German crystallographer and physicist (1888–1985)

Paul Peter Ewald, FRS (January 23, 1888 – August 22, 1985) was a German crystallographer and physicist, a pioneer of X-ray diffraction methods.

==Education==
Ewald received his early education in the classics at the Gymnasium in Berlin and Potsdam, where he learned to speak Greek, French, and English, in addition to his native German.

Ewald began his higher education in physics, chemistry, and mathematics at Gonville and Caius College in Cambridge, during the winter of 1905. In 1906 and 1907, he continued his formal education at the University of Göttingen, where his interests turned primarily to mathematics. At that time, Göttingen was a world-class center of mathematics under the three “Mandarins” of Göttingen: Felix Klein, David Hilbert, and Hermann Minkowski. While studying at Göttingen, Ewald was taken on by Hilbert as an Ausarbeiter, a paid position as a scribe, i.e., he would take notes in Hilbert’s classes, have the notes approved by Hilbert’s assistant — at that time, Ernst Hellinger — and then prepare a clean copy for the Lesezimmer (mathematics reading room). In 1907, he continued his mathematical studies at the Ludwig-Maximilians-Universität München (LMU) under Arnold Sommerfeld at his Institute for Theoretical Physics. He was granted his doctorate in 1912. His doctoral thesis developed the laws of propagation of X-rays in single crystals. After earning his doctorate, he was an assistant to Sommerfeld.

During the 1911 Christmas recess and in January 1912, Ewald was finishing the writing of his doctoral thesis. It was on a walk through Englischer Garten in Munich, in January, that Ewald was telling Max von Laue about his thesis topic. The wavelengths of concern to Ewald were in the visible region of the spectrum and hence much larger than the spacing between the resonators in Ewald’s crystal model. Laue seemed distracted and wanted to know what would be the effect if much smaller wavelengths were considered.

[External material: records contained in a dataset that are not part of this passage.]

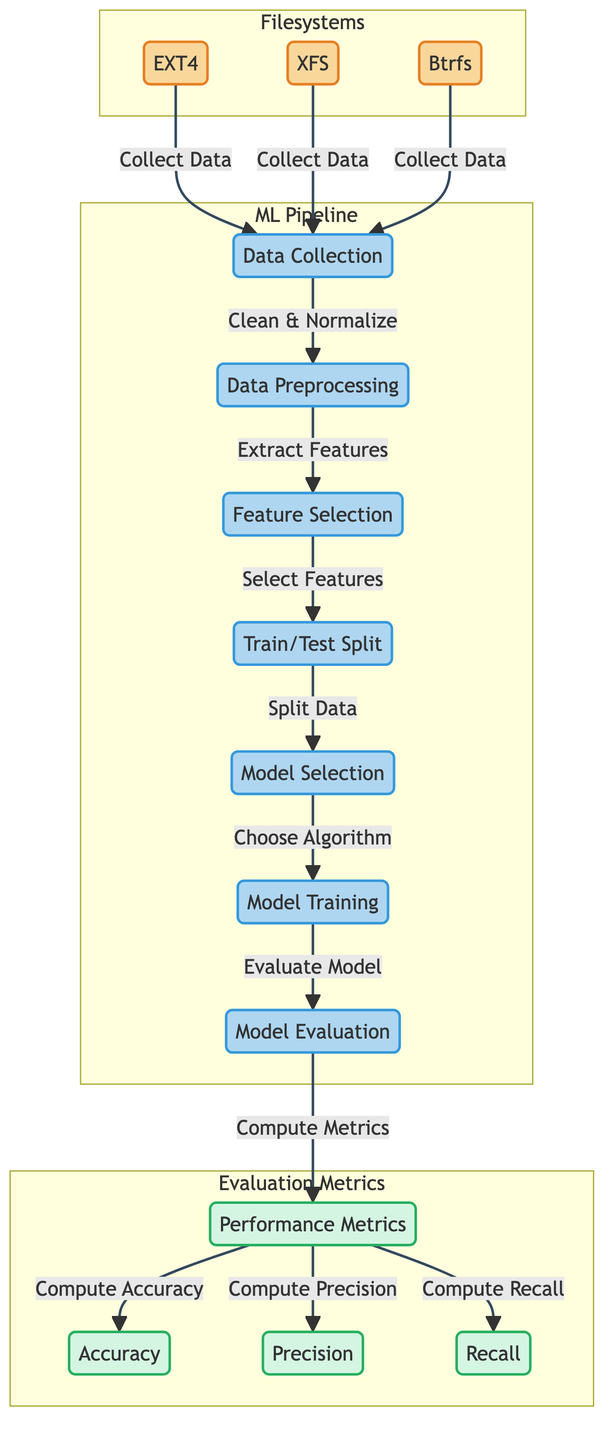What are the three types of filesystems included in the diagram? The diagram includes three filesystems: EXT4, XFS, and Btrfs, which are clearly labeled as part of the "Filesystems" subgraph.
Answer: EXT4, XFS, Btrfs What is the first step in the machine learning pipeline? The first step in the machine learning pipeline, as indicated in the "ML Pipeline" subgraph, is "Data Collection," with an arrow leading directly from the filesystem nodes to this process.
Answer: Data Collection How many performance metrics are computed in the evaluation process? The evaluation process in the diagram leads to three specific metrics: Accuracy, Precision, and Recall, as indicated in the "Evaluation Metrics" subgraph.
Answer: Three Which process comes after Feature Selection? According to the flow of the diagram, after "Feature Selection," the next process is "Train/Test Split," which is indicated by the arrow pointing from Feature Selection to Train/Test Split.
Answer: Train/Test Split What process is linked to Model Evaluation? In the diagram, "Evaluation" is the process directly linked to "Model Evaluation," as indicated by the arrow leading to the metrics calculation stage.
Answer: Evaluation Which filesystem type is the last in the data collection step? The diagram presents that the last filesystem node leading to "Data Collection" is Btrfs, as it is drawn last in a vertical alignment above this process.
Answer: Btrfs How many nodes are there in the ML Pipeline subgraph? The ML Pipeline subgraph includes six distinct nodes: Data Collection, Data Preprocessing, Feature Selection, Train/Test Split, Model Selection, and Training, which can be counted as individual elements.
Answer: Six Which metric is focused on the true positive rate? "Recall" is indicated in the diagram as one of the performance metrics, and it specifically represents the true positive rate in the context of model evaluation.
Answer: Recall

It was not until June of that year that Ewald heard Sommerfeld report to the Physikalische Gesellschaft of Göttingen on the successful diffraction of X-rays by Max von Laue, Paul Knipping and Walter Friedrich at LMU, for which Laue would be awarded the Nobel Prize in Physics, in 1914.

With the rise of theoretical physics in the early part of the twentieth century and its foundation in mathematics, David Hilbert decided to lend an organizing hand to formalizing the sciences, starting with physics. In 1912, Hilbert asked his friend and colleague Arnold Sommerfeld to send him a special assistant for physics. Sommerfeld sent Ewald, who was dubbed as “Hilbert’s tutor for physics”, and he performed this function until 1913, when Sommerfeld sent another one of his students, Alfred Landé. The first problem assigned to Ewald was to review the controversy in the literature on the constants of elasticity in crystals and report back. A few years later, Max Born, at Göttingen, solved the problem.

During Ewald’s stay in Göttingen, he was often a visitor at El BoKaReBo, a boarding house run by Sister Annie at Dahlmannstrasse 17. The name was derived from the first letters of the last names of its boarders: “El” for Ella Philippson (a medical student), “Bo” for Max Born (a Privatdozent) and Hans Bolza (a physics student), “Ka” for Theodore von Kármán (a Privatdozent), and “Re” for Albrecht Renner (a medical student). Richard Courant, a mathematician and Privatdozent, called these people the “in group”. It was here that Ewald met Ella Philippson, who was to become his wife.

In the spring of 1913, Niels Bohr, of the Institute for Theoretical Physics at the University of Copenhagen, submitted his theory of the Bohr atomic model for publication. Later that year, Ewald attended the Birmingham meeting of the British Association where he heard accounts and discussions of James Jeans’ review on radiation theory and Bohr’s model. This ignited a major new area of research for Sommerfeld and his students — the study and interpretation of atomic spectra and molecular band spectroscopy and theoretical modeling of atomic and molecular structure.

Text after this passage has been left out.